→ Available data:

------------------------------------------------------------

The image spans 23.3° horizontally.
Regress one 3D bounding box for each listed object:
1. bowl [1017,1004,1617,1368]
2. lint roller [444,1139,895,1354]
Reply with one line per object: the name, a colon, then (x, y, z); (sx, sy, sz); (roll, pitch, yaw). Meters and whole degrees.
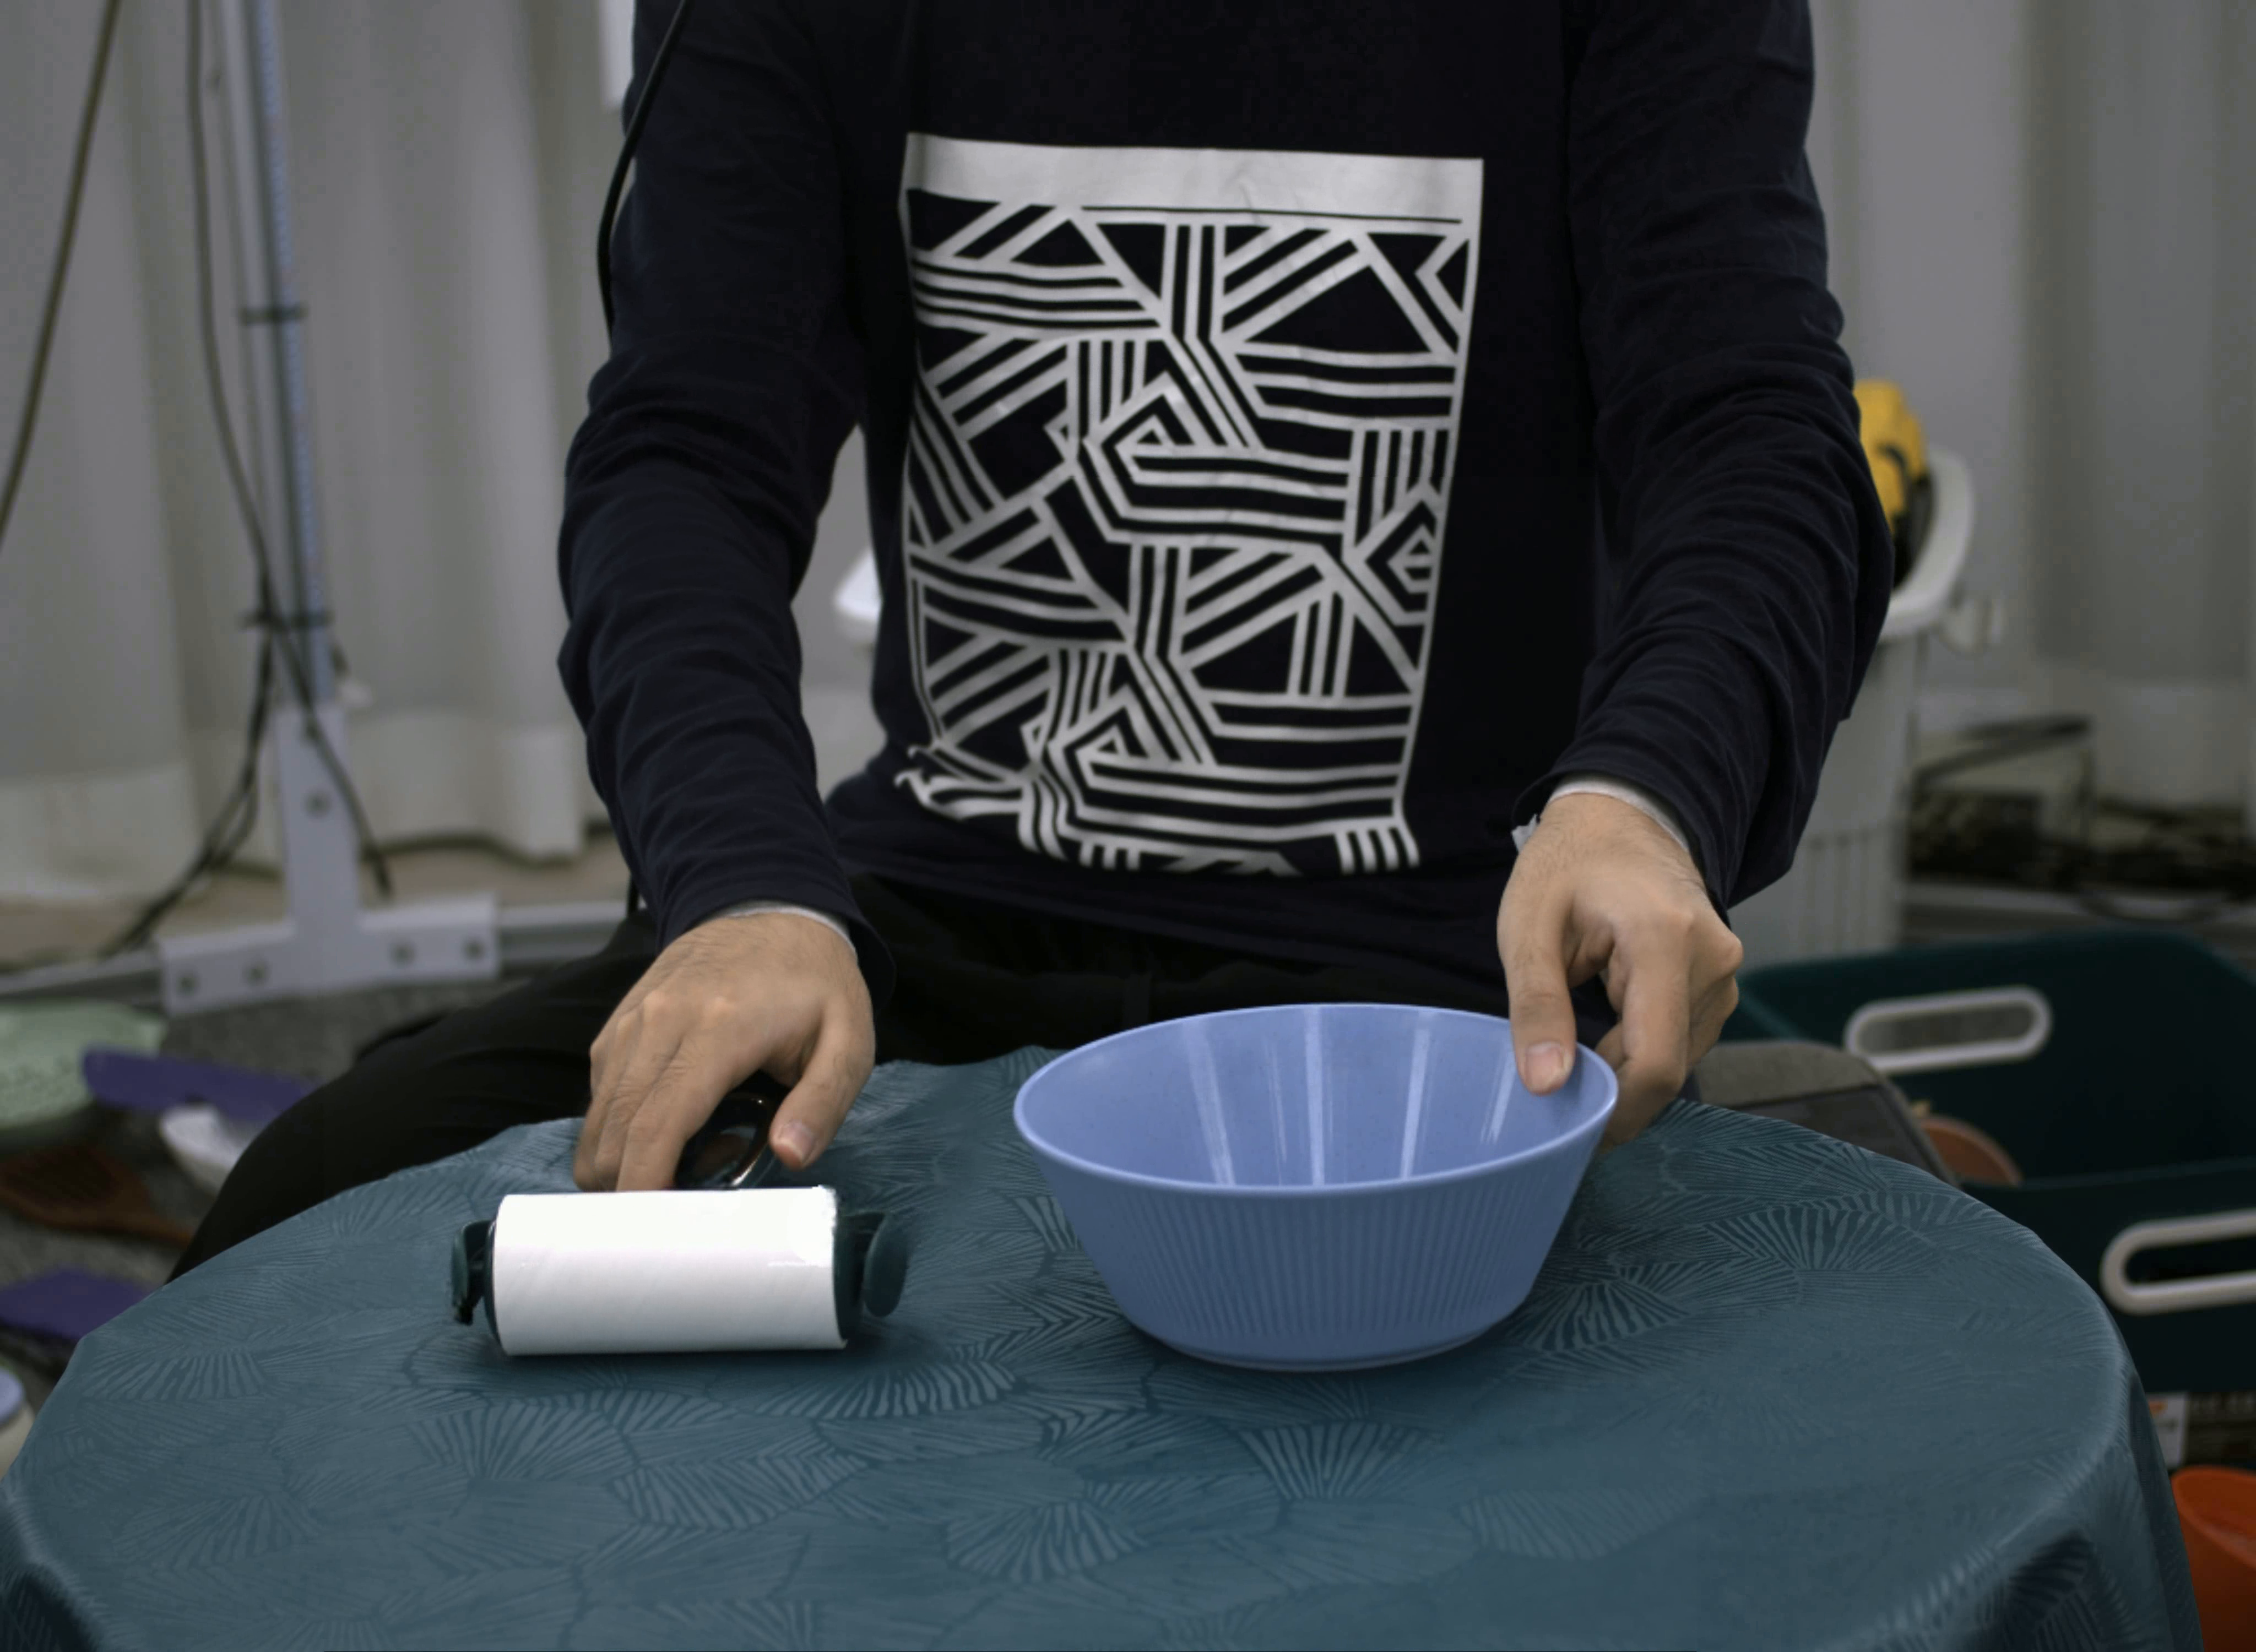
bowl: (0.056, 0.108, 1.594); (0.175, 0.070, 0.177); (-3, 14, 0)
lint roller: (-0.129, 0.109, 1.656); (0.134, 0.048, 0.181); (-2, 17, 4)

------------------------------------------------------------

→ What this task involves: What is needed is an exact copy of every line from the one with "Regress one 3D" to the end of the listing above, with the pictures left out.

→ Written solution:
Regress one 3D bounding box for each listed object:
1. bowl [1017,1004,1617,1368]
2. lint roller [444,1139,895,1354]
Reply with one line per object: the name, a colon, then (x, y, z); (sx, sy, sz); (roll, pitch, yaw). Meters and whole degrees.
bowl: (0.056, 0.108, 1.594); (0.175, 0.070, 0.177); (-3, 14, 0)
lint roller: (-0.129, 0.109, 1.656); (0.134, 0.048, 0.181); (-2, 17, 4)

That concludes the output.